● **What to produce**: The response should contain all of the records, copied exactly, and none of the images.

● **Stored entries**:
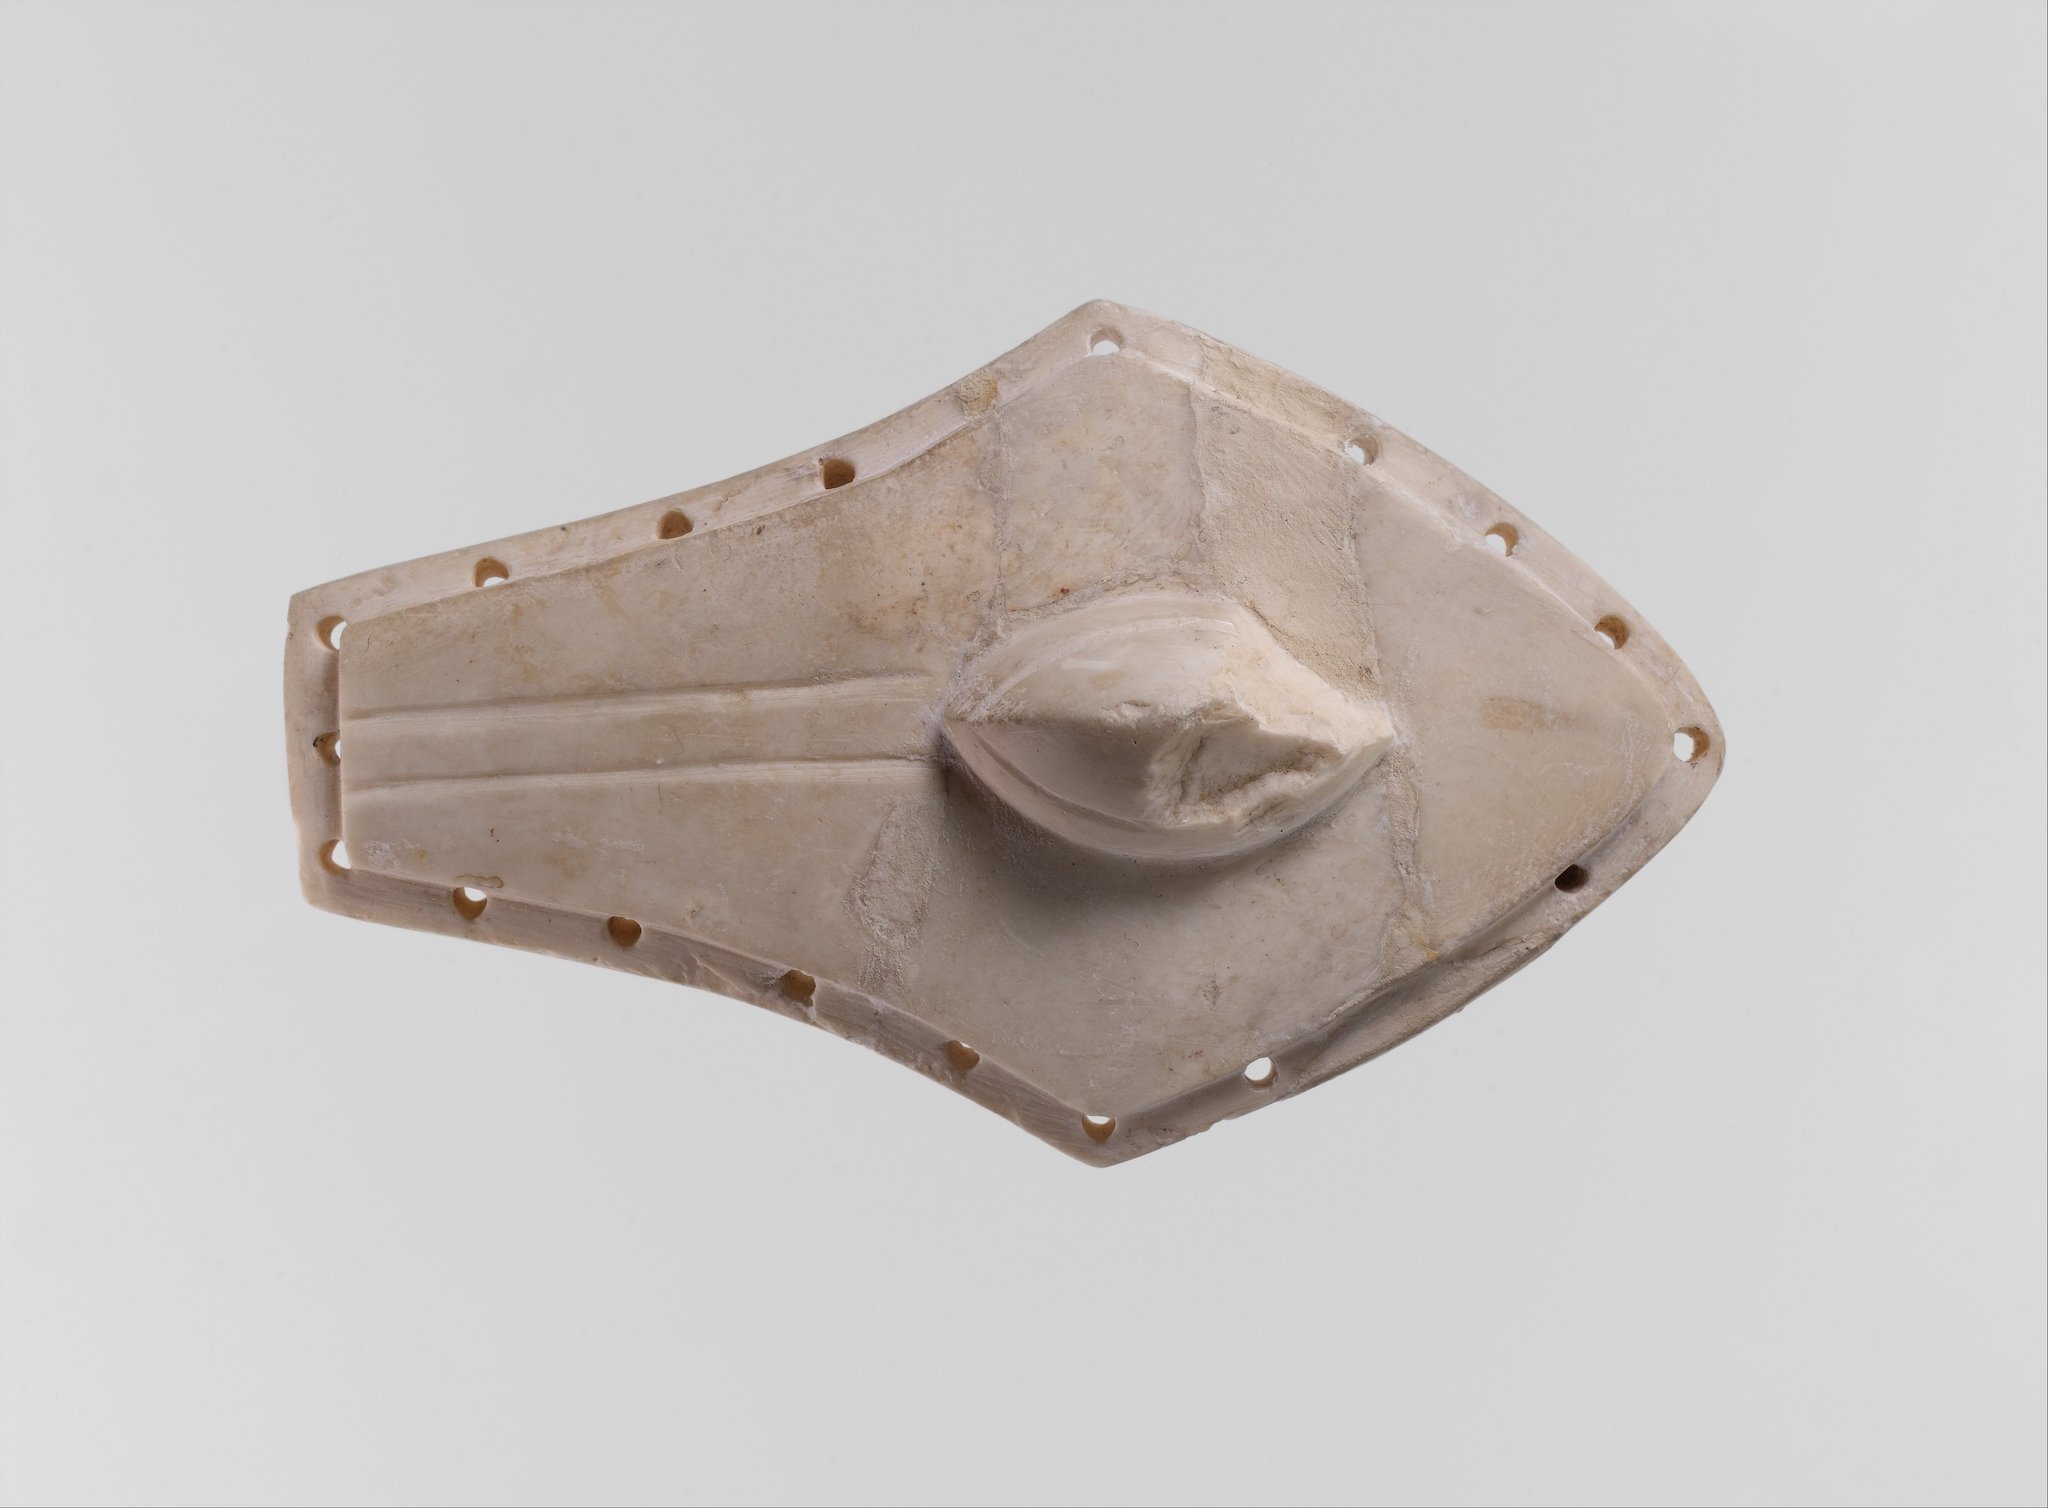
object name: horse blinker
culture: assyrian
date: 900-701 BCE
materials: stone
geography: mesopotamia
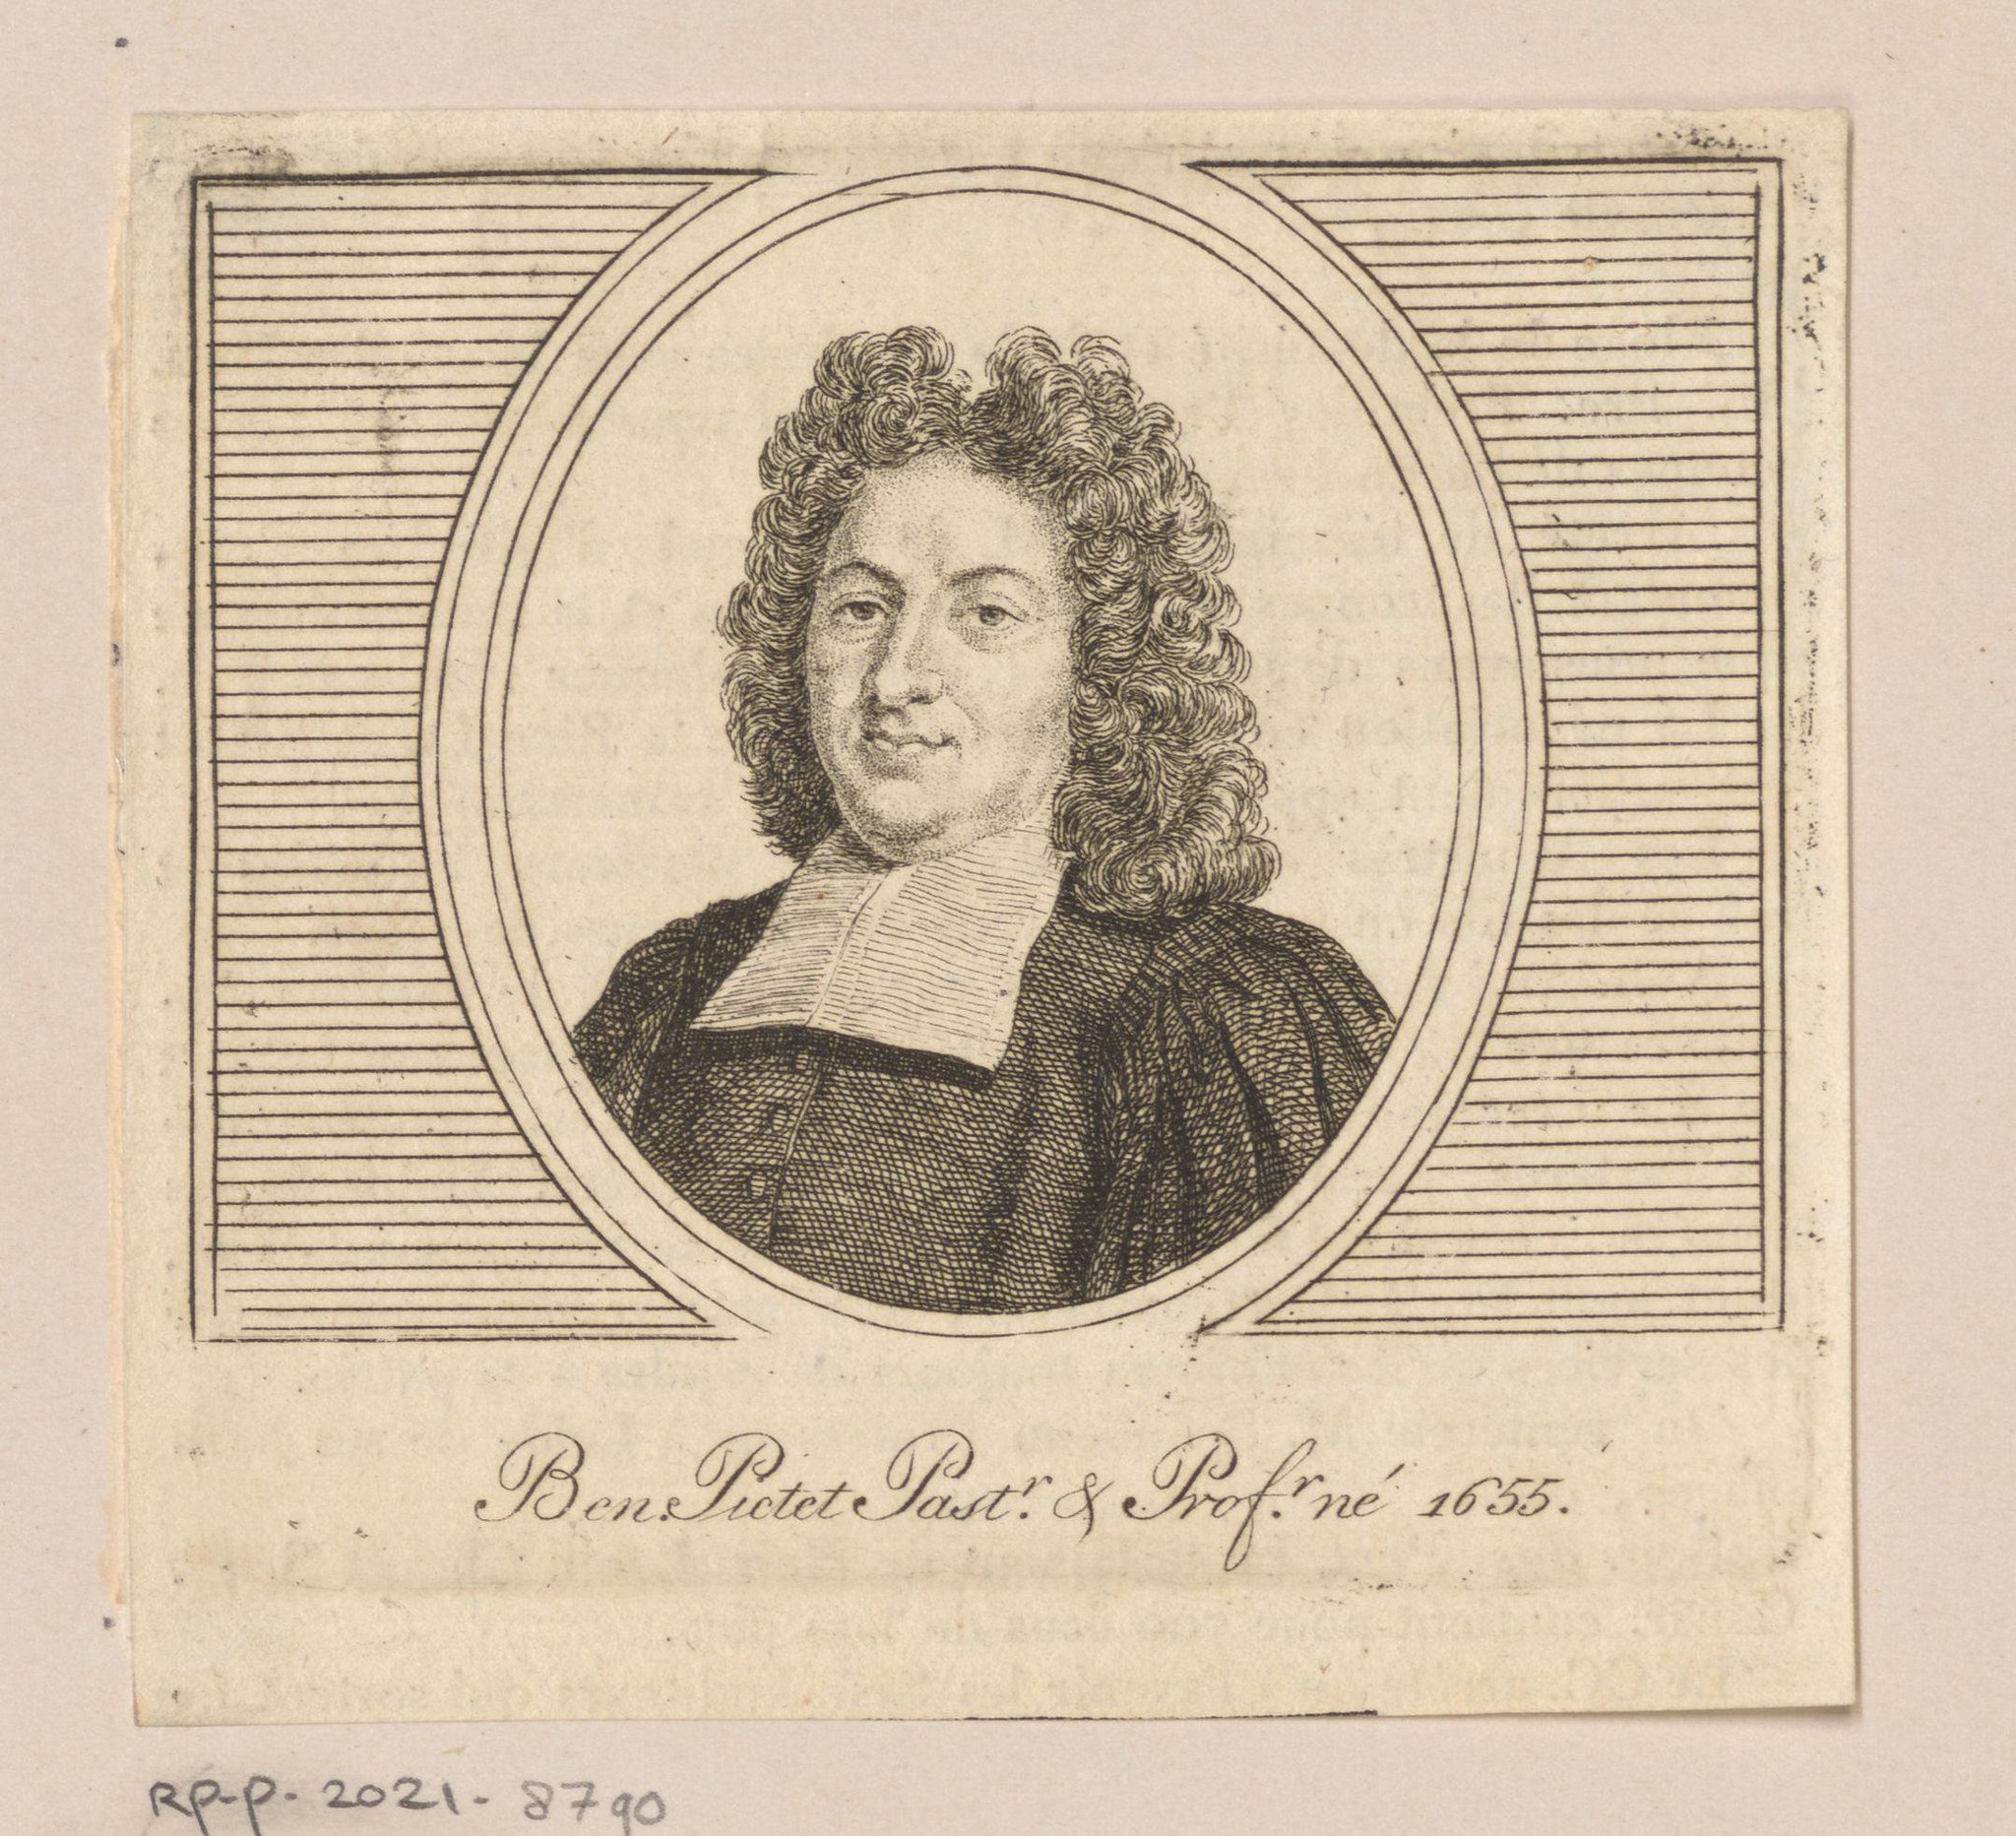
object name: print
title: Portret van Benedict Pictet
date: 1815
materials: paper
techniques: engraving, etching, letterpress printing
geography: geneva
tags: benedict pictet, adult man, historical persons
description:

● **Output below**:
object name: horse blinker
culture: assyrian
date: 900-701 BCE
materials: stone
geography: mesopotamia
object name: print
title: Portret van Benedict Pictet
date: 1815
materials: paper
techniques: engraving, etching, letterpress printing
geography: geneva
tags: benedict pictet, adult man, historical persons
description:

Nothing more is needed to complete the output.